Task description
Return each line of the records holding the string "York".

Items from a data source
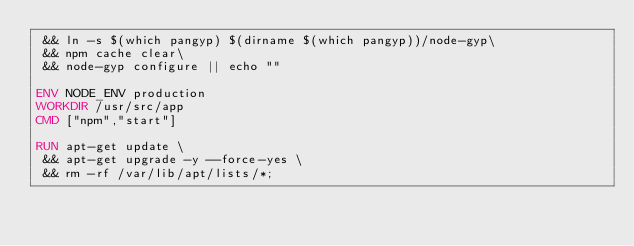Convert code to text. <code><loc_0><loc_0><loc_500><loc_500><_Dockerfile_> && ln -s $(which pangyp) $(dirname $(which pangyp))/node-gyp\
 && npm cache clear\
 && node-gyp configure || echo ""

ENV NODE_ENV production
WORKDIR /usr/src/app
CMD ["npm","start"]

RUN apt-get update \
 && apt-get upgrade -y --force-yes \
 && rm -rf /var/lib/apt/lists/*;</code> 
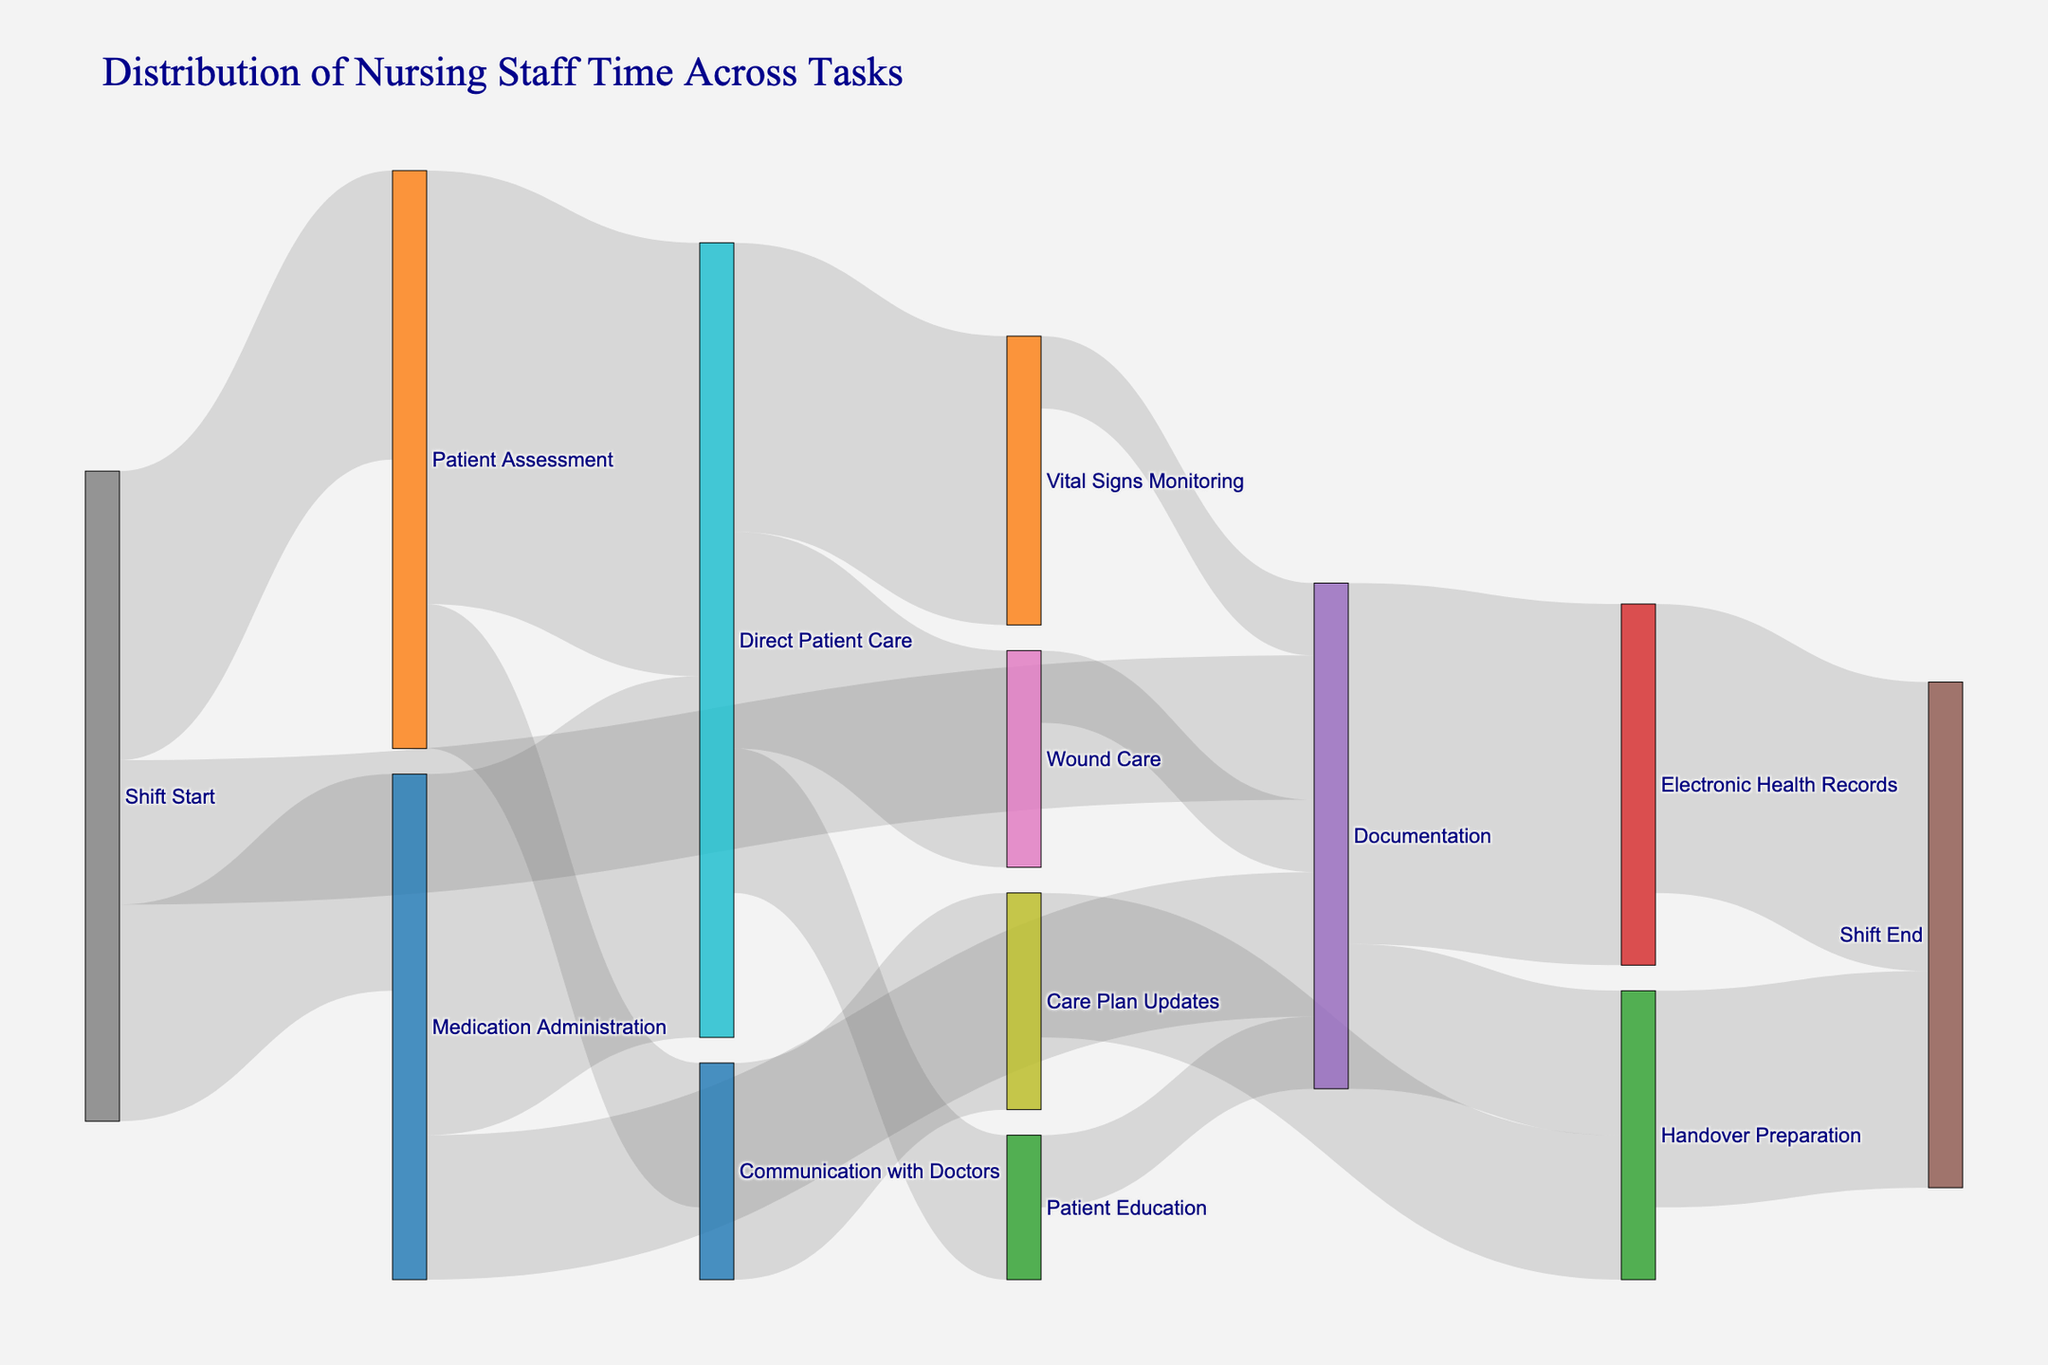What is the title of the figure? The title is usually located at the top of the figure, providing a summary of the data shown. In this case, it summarizes the distribution of nursing staff time.
Answer: Distribution of Nursing Staff Time Across Tasks How much time is spent on Patient Assessment at the start of the shift? To find this, look at the link connecting "Shift Start" to "Patient Assessment," which shows the value representing the amount of time spent.
Answer: 20 units Which task receives more time: Direct Patient Care or Documentation? To determine this, sum the values flowing into both tasks and compare them. Direct Patient Care receives 30 from Patient Assessment and 25 from Medication Administration, totaling 55. Documentation receives 10 from Shift Start and 10 from Medication Administration, totaling 20.
Answer: Direct Patient Care How much time is spent on Handover Preparation before the shift ends? Find the link that connects "Handover Preparation" to "Shift End" to get the time allocated to Handover Preparation.
Answer: 15 units Which task under Direct Patient Care has the least amount of time allocated and how much time is it? Look at the links from "Direct Patient Care" to its subtasks. "Patient Education" has 10 units, which is the least compared to Wound Care (15) and Vital Signs Monitoring (20).
Answer: Patient Education, 10 units What is the total amount of time spent on Documentation throughout the shift? Sum the time allocated to all tasks under Documentation from start to finish. This includes 10 from Shift Start, 10 from Medication Administration, 25 from Electronic Health Records, 5 from Wound Care, 5 from Vital Signs Monitoring, and 5 from Patient Education.
Answer: 60 units Compare the amount of time spent on Medication Administration at the start of the shift versus the end. Only need to consider the time at the start of the shift since no Medication Administration task is directly shown at the end. The value from shift start is 15 units.
Answer: 15 units What is the total amount of time spent on tasks directly related to patient care activities (including Direct Patient Care and its subtasks)? Sum the values from Patient Assessment to Direct Patient Care (30) and Medication Administration to Direct Patient Care (25), plus Wound Care (15), Vital Signs Monitoring (20), and Patient Education (10).
Answer: 100 units How much time is spent on Care Plan Updates throughout the shift? Add the time allocated to Care Plan Updates, which is 10 from Communication with Doctors and 10 for Handover Preparation.
Answer: 20 units What is the primary task nurses spend time on after communicating with doctors? Identify the main task by looking at the link directly following Communication with Doctors.
Answer: Care Plan Updates 
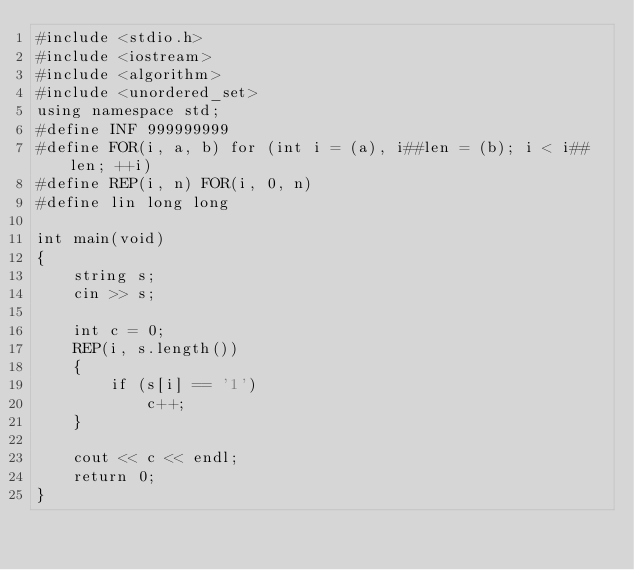Convert code to text. <code><loc_0><loc_0><loc_500><loc_500><_C++_>#include <stdio.h>
#include <iostream>
#include <algorithm>
#include <unordered_set>
using namespace std;
#define INF 999999999
#define FOR(i, a, b) for (int i = (a), i##len = (b); i < i##len; ++i)
#define REP(i, n) FOR(i, 0, n)
#define lin long long

int main(void)
{
    string s;
    cin >> s;

    int c = 0;
    REP(i, s.length())
    {
        if (s[i] == '1')
            c++;
    }

    cout << c << endl;
    return 0;
}
</code> 
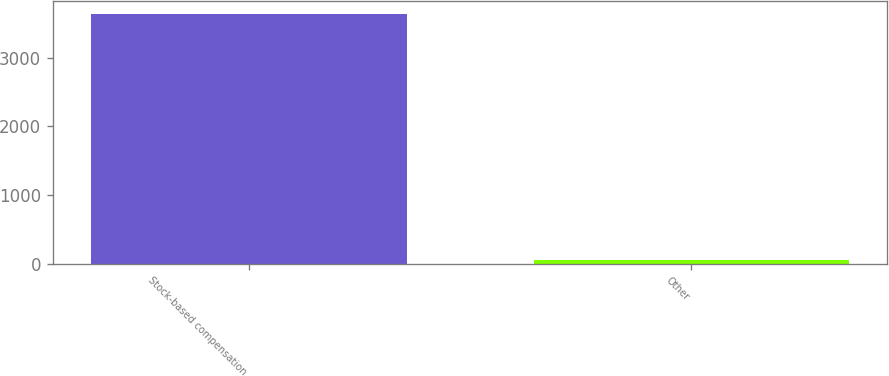Convert chart to OTSL. <chart><loc_0><loc_0><loc_500><loc_500><bar_chart><fcel>Stock-based compensation<fcel>Other<nl><fcel>3644<fcel>56<nl></chart> 
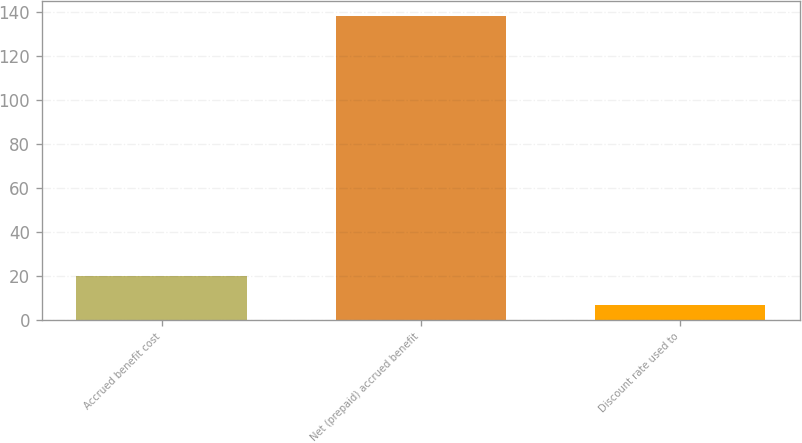Convert chart. <chart><loc_0><loc_0><loc_500><loc_500><bar_chart><fcel>Accrued benefit cost<fcel>Net (prepaid) accrued benefit<fcel>Discount rate used to<nl><fcel>19.88<fcel>138<fcel>6.75<nl></chart> 
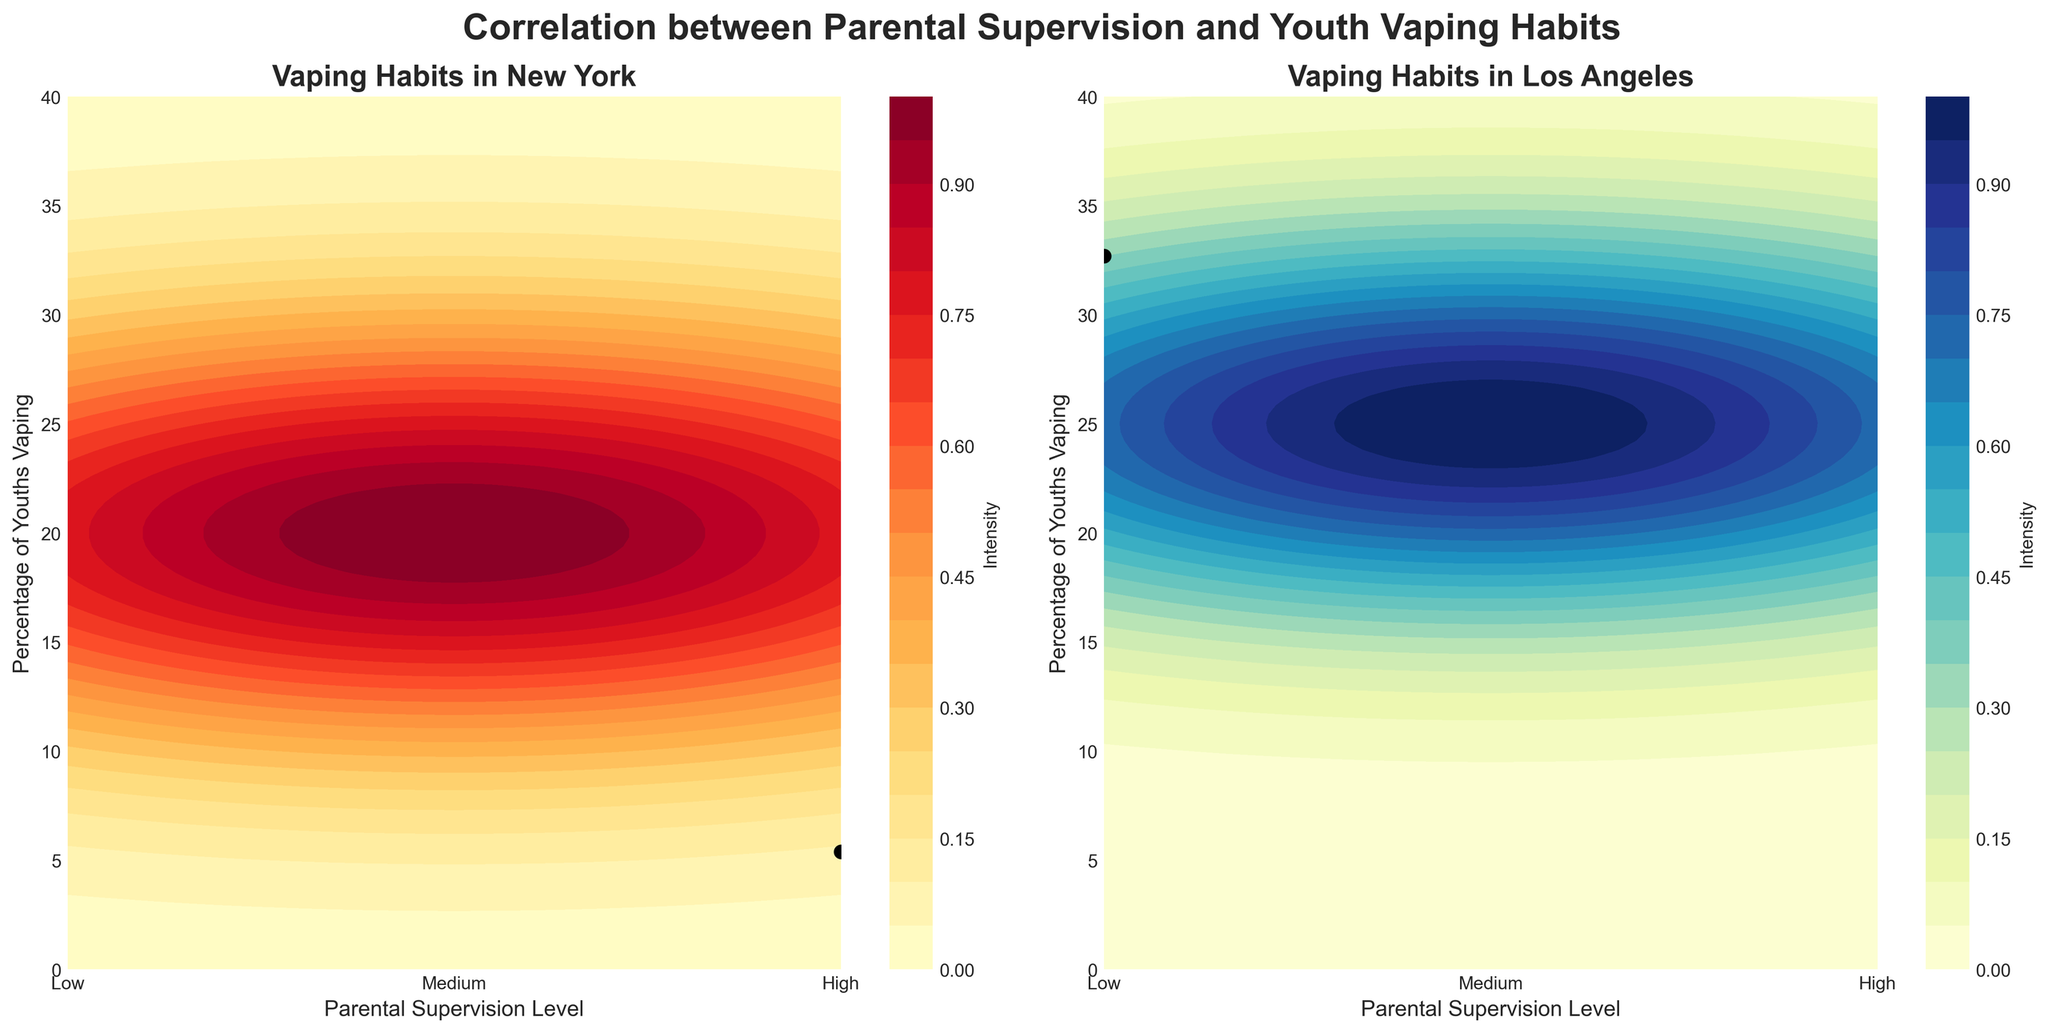What is the title of the first subplot on the left? The first subplot on the left has a title at the top, which can be read directly from the figure.
Answer: Vaping Habits in New York What does the color intensity represent in both subplots? Each subplot has a color bar that indicates what the colors stand for. The intensity is labeled as 'Intensity' in the color bar.
Answer: Intensity What does the y-axis represent in both subplots? The label on the y-axis of both subplots indicates what the y-axis represents.
Answer: Percentage of Youths Vaping Which city has the higher percentage of youths vaping with medium parental supervision? By locating the medium parental supervision marker (5 on the x-axis) and noting the corresponding points for both subplots, we can compare the y-values.
Answer: Los Angeles What is the correlation between parental supervision and youth vaping habits in New York? The contour lines and placement of data points suggest that as the parental supervision level increases, the percentage of youths vaping decreases.
Answer: Negative correlation How many data points are plotted on the left subplot? By counting the distinct data points (black dots) within the subplot for New York, we can determine the number of data points plotted.
Answer: 4 Which city shows a sharper decrease in youth vaping as parental supervision increases from low to high? Comparing the contour gradients of the two subplots, we see which city has steeper contour lines from left (low) to right (high).
Answer: Los Angeles At what parental supervision level does New York show the lowest percentage of youths vaping? Checking the x-axis labels and corresponding y-values for New York, the lowest data point on the graph is found.
Answer: High In Los Angeles, what is the contour intensity level where the percentage of youths vaping is around 32%? Finding the y-value of 32% on the Los Angeles subplot and correlating it with the color bar, we can determine the contour intensity level.
Answer: Approximately 0.72 Is the overall trend of youth vaping consistent between the two cities when parental supervision shifts from high to low? By analyzing the direction of the trend lines (contours) in both subplots, we can compare the trends.
Answer: Yes, both show an increase in youth vaping as supervision decreases

Your response
Answer: Vaping Habits in New York What does the color intensity represent in both subplots? Each subplot has a color bar that indicates what the colors stand for. The intensity is labeled as 'Intensity' in the color bar.
Answer: Los Angeles What is the correlation between parental supervision and youth vaping habits in New York? The contour lines and placement of data points suggest that as the parental supervision level increases, the percentage of youths vaping decreases.
Answer: Negative correlation How many data points are plotted on the left subplot? By counting the distinct data points (black dots) within the subplot for New York, we can determine the number of data points plotted.
Answer: Los Angeles At what parental supervision level does New York show the lowest percentage of youths vaping? Checking the x-axis labels and corresponding y-values for New York, the lowest data point on the graph is found.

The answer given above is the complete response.